Indeed, the deposit guarantee, combined with the higher interest rate on the Jordanian dinar compared with the rate on the dollar, has encouraged customers to switch their deposits into the Jordanian currency.

Today, deposits in Jordanian dinars stand at $20.6bn, up from $18.7bn at the end of 2008. By contrast, foreign currency deposits now stand at $6.3bn compared with $6.73bn at the end of 2008.

“This is important underlying evidence of a growing confidence in the Jordanian dinar as a savings instrument,” says Toukan.

Undoubtedly, the CBJ’s intervention has been hugely beneficial. However, the banking system faces some risks. In the Banking Industry Country Risk Assessment: Jordan report published in July this year, ratings agency Standard & Poor’s ranks Jordan’s banking system in group eight out of 10 groups in its global Banking Industry Country Risk Assessment framework, where one is the strongest.

Market slump

In particular, the slump in the real estate market, where trading activity has dropped by 34.3 per cent in the first five months of 2009 to JD1.63bn ($2.92bn) from JD2.47bn for the same period in 2008, is a cause for concern.

Although none of the banks has exceeded the CBJ’s mandatory 20 per cent loan-to-deposit ratio limit on exposure to the real estate sector - the average exposure to the sector stands at 15-17 per cent - growing defaults on real estate poses one of the biggest risks for Jordan’s banks.

Michel Marto, chairman of local retail bank Housing Bank of Trade & Finance, (HBTF), predicts that non-performing loans will increasingly affect Jordanian banks this year.

“I have already noticed businesses and clients being unable to meet their payments because of the slowdown in trading,” says Marto. “So banks are going to have to make provisions for an increase in non-performing loans.”
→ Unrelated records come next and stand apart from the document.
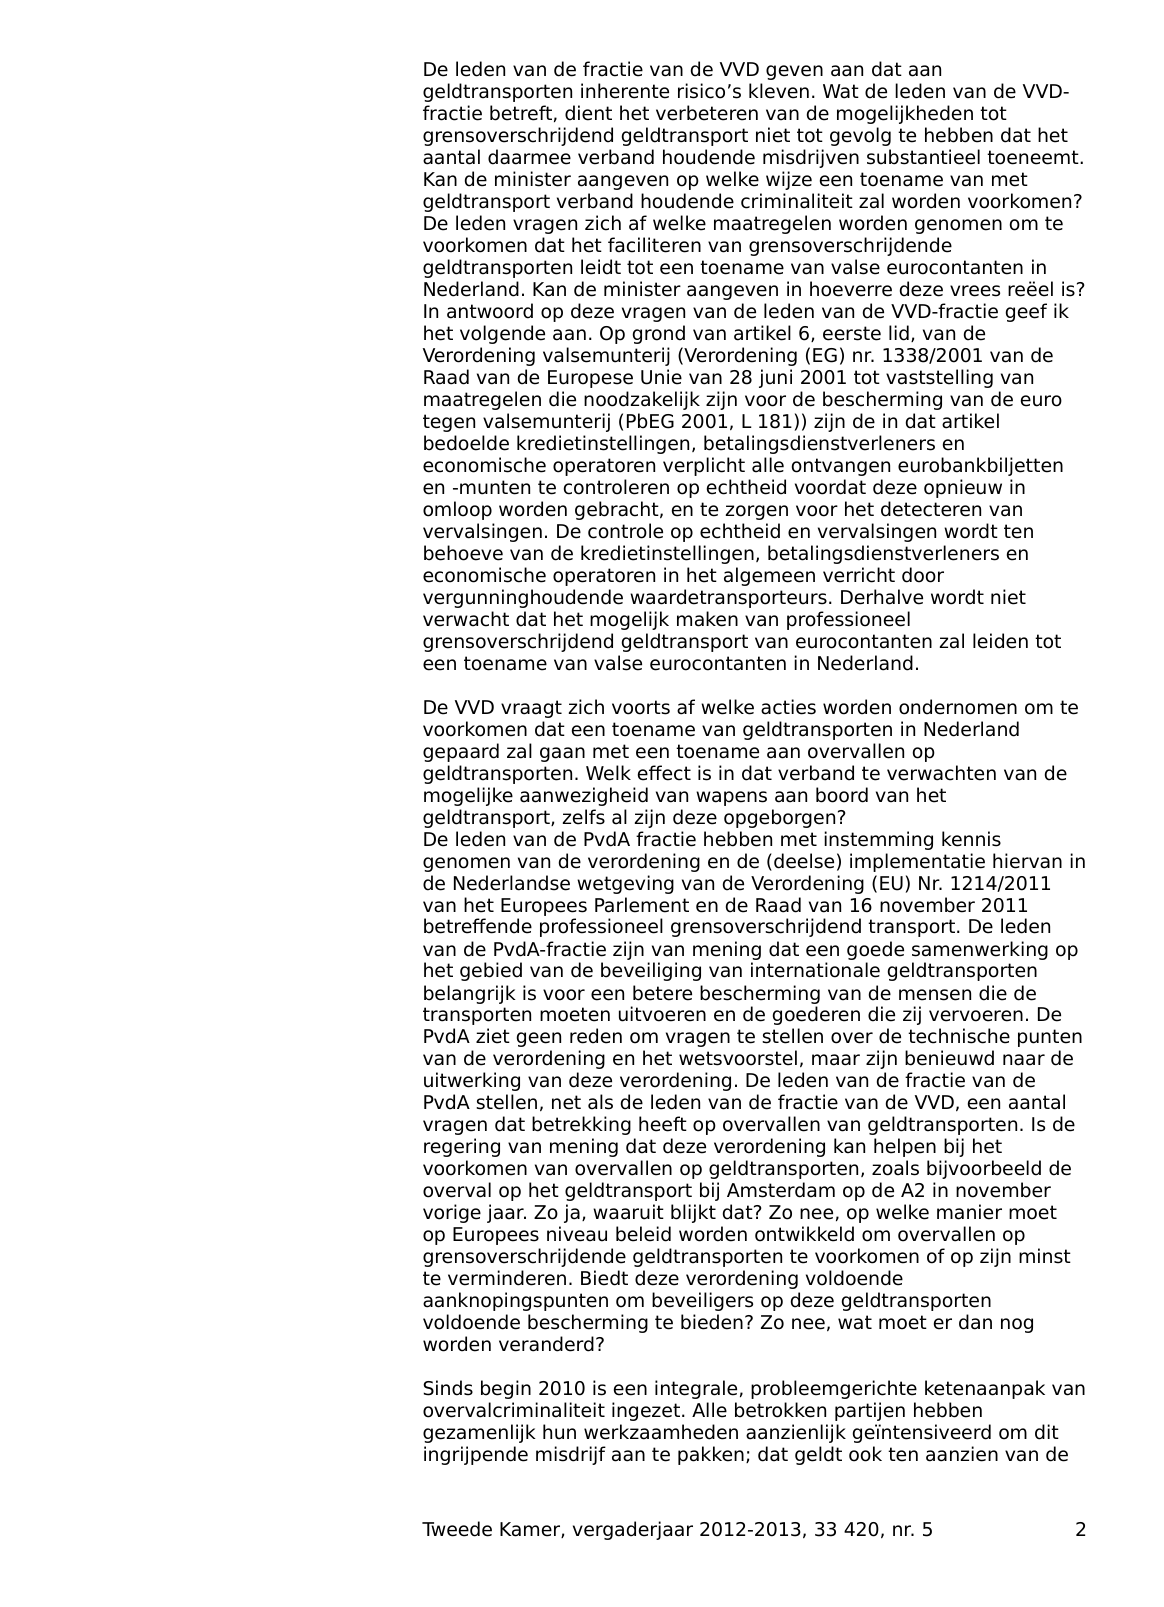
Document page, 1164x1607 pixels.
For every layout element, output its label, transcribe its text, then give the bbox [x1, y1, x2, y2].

text De leden van de PvdA fractie hebben met instemming kennis genomen van de verordening en de (deelse) implementatie hiervan in de Nederlandse wetgeving van de Verordening (EU) Nr. 1214/2011 van het Europees Parlement en de Raad van 16 november 2011 betreffende professioneel grensoverschrijdend transport. De leden van de PvdA-fractie zijn van mening dat een goede samenwerking op het gebied van de beveiliging van internationale geldtransporten belangrijk is voor een betere bescherming van de mensen die de transporten moeten uitvoeren en de goederen die zij vervoeren. De PvdA ziet geen reden om vragen te stellen over de technische punten van de verordening en het wetsvoorstel, maar zijn benieuwd naar de uitwerking van deze verordening. De leden van de fractie van de PvdA stellen, net als de leden van de fractie van de VVD, een aantal vragen dat betrekking heeft op overvallen van geldtransporten. Is de regering van mening dat deze verordening kan helpen bij het voorkomen van overvallen op geldtransporten, zoals bijvoorbeeld de overval op het geldtransport bij Amsterdam op de A2 in november vorige jaar. Zo ja, waaruit blijkt dat? Zo nee, op welke manier moet op Europees niveau beleid worden ontwikkeld om overvallen op grensoverschrijdende geldtransporten te voorkomen of op zijn minst te verminderen. Biedt deze verordening voldoende aanknopingspunten om beveiligers op deze geldtransporten voldoende bescherming te bieden? Zo nee, wat moet er dan nog worden veranderd? [422, 828, 1087, 1356]
text De leden van de fractie van de VVD geven aan dat aan geldtransporten inherente risico’s kleven. Wat de leden van de VVD-fractie betreft, dient het verbeteren van de mogelijkheden tot grensoverschrijdend geldtransport niet tot gevolg te hebben dat het aantal daarmee verband houdende misdrijven substantieel toeneemt. Kan de minister aangeven op welke wijze een toename van met geldtransport verband houdende criminaliteit zal worden voorkomen? De leden vragen zich af welke maatregelen worden genomen om te voorkomen dat het faciliteren van grensoverschrijdende geldtransporten leidt tot een toename van valse eurocontanten in Nederland. Kan de minister aangeven in hoeverre deze vrees reëel is? [422, 59, 1087, 301]
text De VVD vraagt zich voorts af welke acties worden ondernomen om te voorkomen dat een toename van geldtransporten in Nederland gepaard zal gaan met een toename aan overvallen op geldtransporten. Welk effect is in dat verband te verwachten van de mogelijke aanwezigheid van wapens aan boord van het geldtransport, zelfs al zijn deze opgeborgen? [422, 697, 1087, 828]
text In antwoord op deze vragen van de leden van de VVD-fractie geef ik het volgende aan. Op grond van artikel 6, eerste lid, van de Verordening valsemunterij (Verordening (EG) nr. 1338/2001 van de Raad van de Europese Unie van 28 juni 2001 tot vaststelling van maatregelen die noodzakelijk zijn voor de bescherming van de euro tegen valsemunterij (PbEG 2001, L 181)) zijn de in dat artikel bedoelde kredietinstellingen, betalingsdienstverleners en economische operatoren verplicht alle ontvangen eurobankbiljetten en -munten te controleren op echtheid voordat deze opnieuw in omloop worden gebracht, en te zorgen voor het detecteren van vervalsingen. De controle op echtheid en vervalsingen wordt ten behoeve van de kredietinstellingen, betalingsdienstverleners en economische operatoren in het algemeen verricht door vergunninghoudende waardetransporteurs. Derhalve wordt niet verwacht dat het mogelijk maken van professioneel grensoverschrijdend geldtransport van eurocontanten zal leiden tot een toename van valse eurocontanten in Nederland. [422, 301, 1087, 674]
text Sinds begin 2010 is een integrale, probleemgerichte ketenaanpak van overvalcriminaliteit ingezet. Alle betrokken partijen hebben gezamenlijk hun werkzaamheden aanzienlijk geïntensiveerd om dit ingrijpende misdrijf aan te pakken; dat geldt ook ten aanzien van de [422, 1378, 1087, 1466]
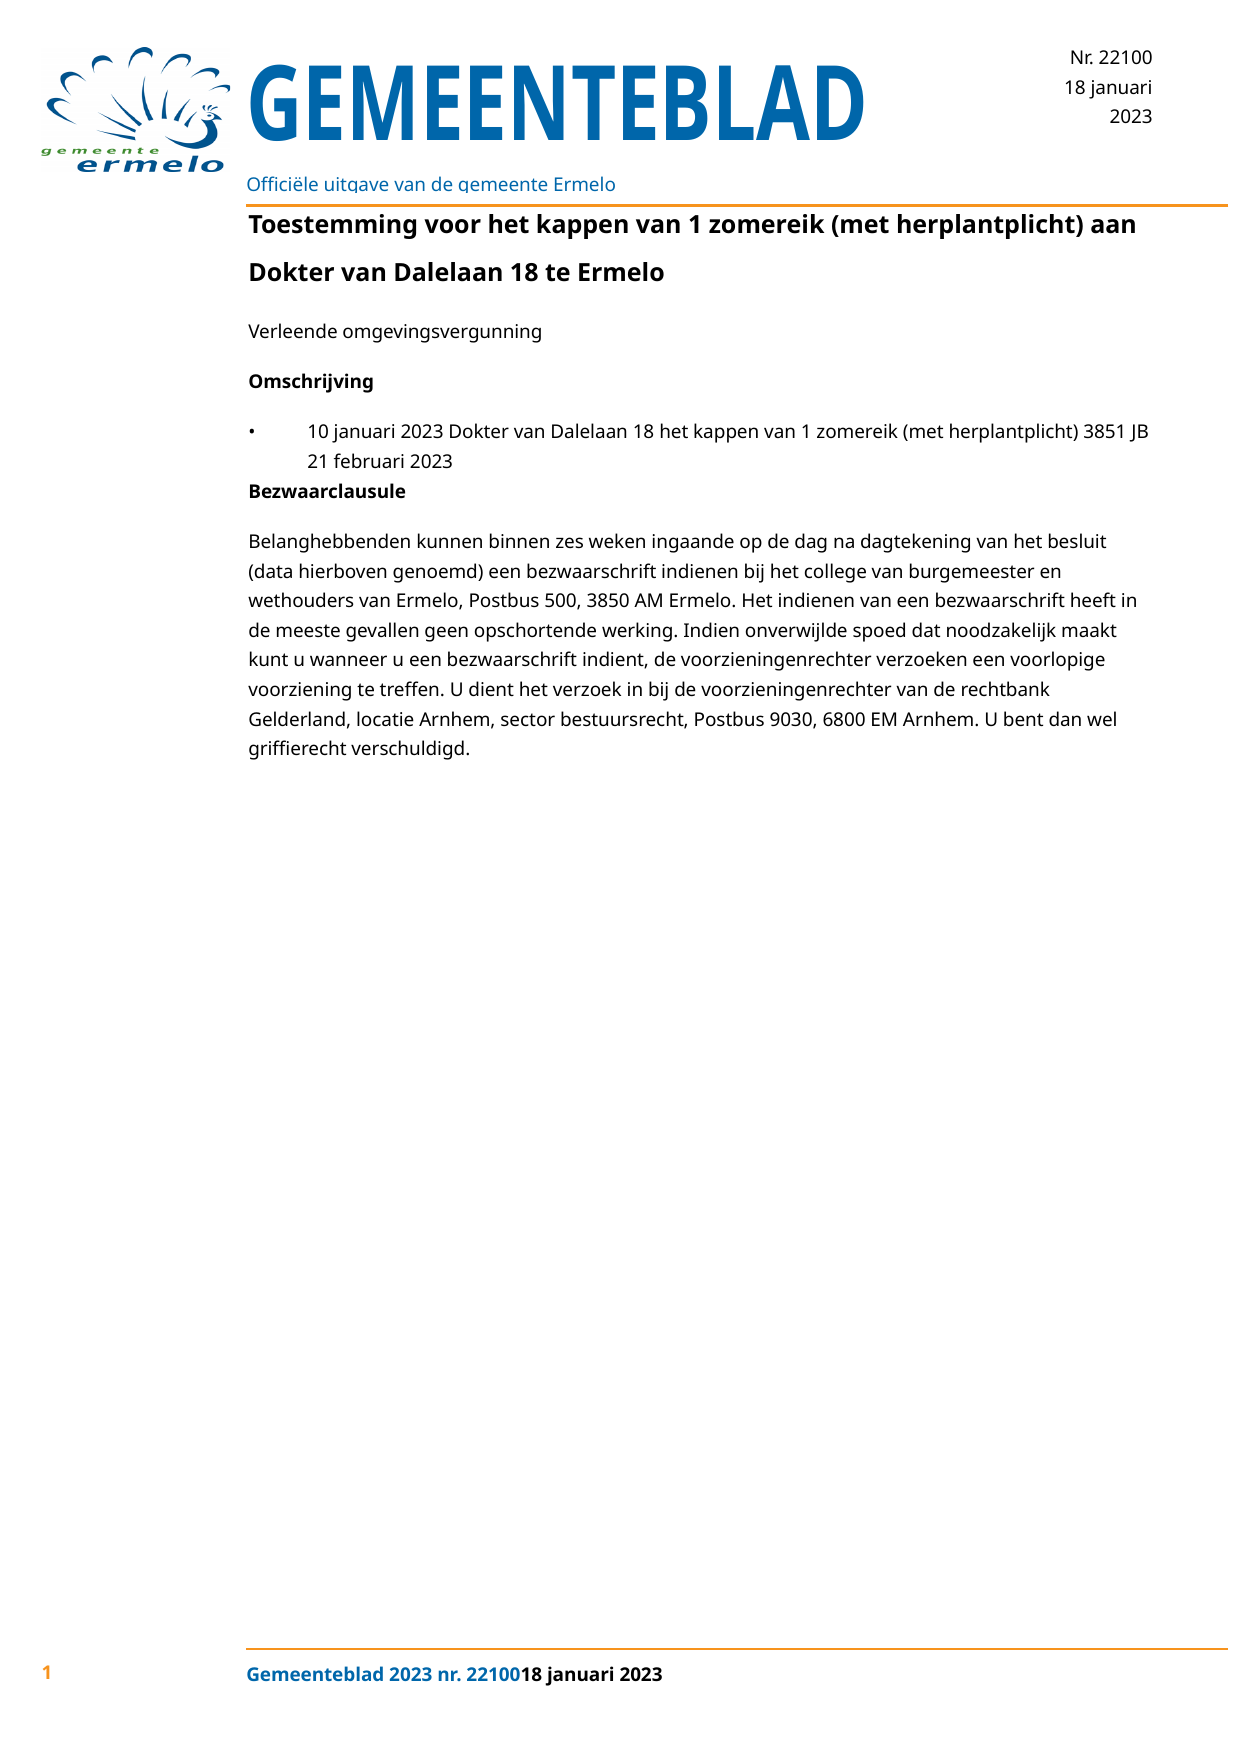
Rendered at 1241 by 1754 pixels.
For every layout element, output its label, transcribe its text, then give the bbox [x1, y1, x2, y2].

text Verleende omgevingsvergunning [248, 318, 1152, 344]
text Belanghebbenden kunnen binnen zes weken ingaande op de dag na dagtekening van het besluit (data hierboven genoemd) een bezwaarschrift indienen bij het college van burgemeester en wethouders van Ermelo, Postbus 500, 3850 AM Ermelo. Het indienen van een bezwaarschrift heeft in de meeste gevallen geen opschortende werking. Indien onverwijlde spoed dat noodzakelijk maakt kunt u wanneer u een bezwaarschrift indient, de voorzieningenrechter verzoeken een voorlopige voorziening te treffen. U dient het verzoek in bij de voorzieningenrechter van de rechtbank Gelderland, locatie Arnhem, sector bestuursrecht, Postbus 9030, 6800 EM Arnhem. U bent dan wel griffierecht verschuldigd. [248, 528, 1152, 761]
picture [41, 47, 231, 172]
text Toestemming voor het kappen van 1 zomereik (met herplantplicht) aan Dokter van Dalelaan 18 te Ermelo [248, 207, 1152, 288]
list 10 januari 2023 Dokter van Dalelaan 18 het kappen van 1 zomereik (met herplantplicht) 3851 JB 21 februari 2023 [248, 419, 1152, 474]
text Bezwaarclausule [248, 478, 1152, 504]
text Omschrijving [248, 368, 1152, 394]

Although Jordanian banks remain profit-able, they reported some sharp declines in profits in the first quarter of this year, led by HBTF and Arab Bank, which account for more than half of the kingdom’s total banking assets of $42.9bn.

HBTF’s net profit dropped by 34.9 per cent to $27.15m compared with $41.73m for the same period in 2008, while Arab Bank’s first-quarter profits fell by 21 per cent to $216m, compared with $272m last year.

Abdel Hamid Shoman, Arab Bank’s chairman and CEO, says the sharp decline is largely due to the fact the bank earned $37m last year from the sale of Arab Bank branches in Cyprus. But even taking this $37m into account, the difference in profits is $19m, equivalent to an 8 per cent drop, which is still significant.

However, Buttikhi says that although banks’ appetite for lending was largely suppressed between October 2008 and March this year, they are slowly becoming more willing to lend again. “I have noticed their appetite has started to pick up since April, although they remain cautious,” says Buttikhi. “So if a bank was previously happy to finance a project with a 60 per cent debt ratio, it is now closer to a 50:50 ratio.”

Profit predictions

“We would like to be lending more money,” says Marto, who maintains that banks’ policies towards creditworthy customers have not changed. “We would prefer to have clients borrow it at a 7-8 per cent interest rate than place it at the central bank for 2 per cent.”

Marto predicts that Jordan’s banks’ profits will fall by 15-25 per cent in 2009, compared with 2008. But Buttikhi is more optimistic, predicting a 10 per cent sector-wide rise in profits this year.

What have traditionally been regarded as Jordan’s weaknesses - minimal exposure to Western markets and small per capita GDP, of about $4,700 - have helped to mitigate the effects of the downturn and are therefore crucial factors in helping to speed up its recovery.

Marto is cautious about what the next 12 months have in store for Jordan’s banks. “I think the operating environment will start to improve early next year,” he says. “That is when banks will begin to stage a recovery and growth will pick up.”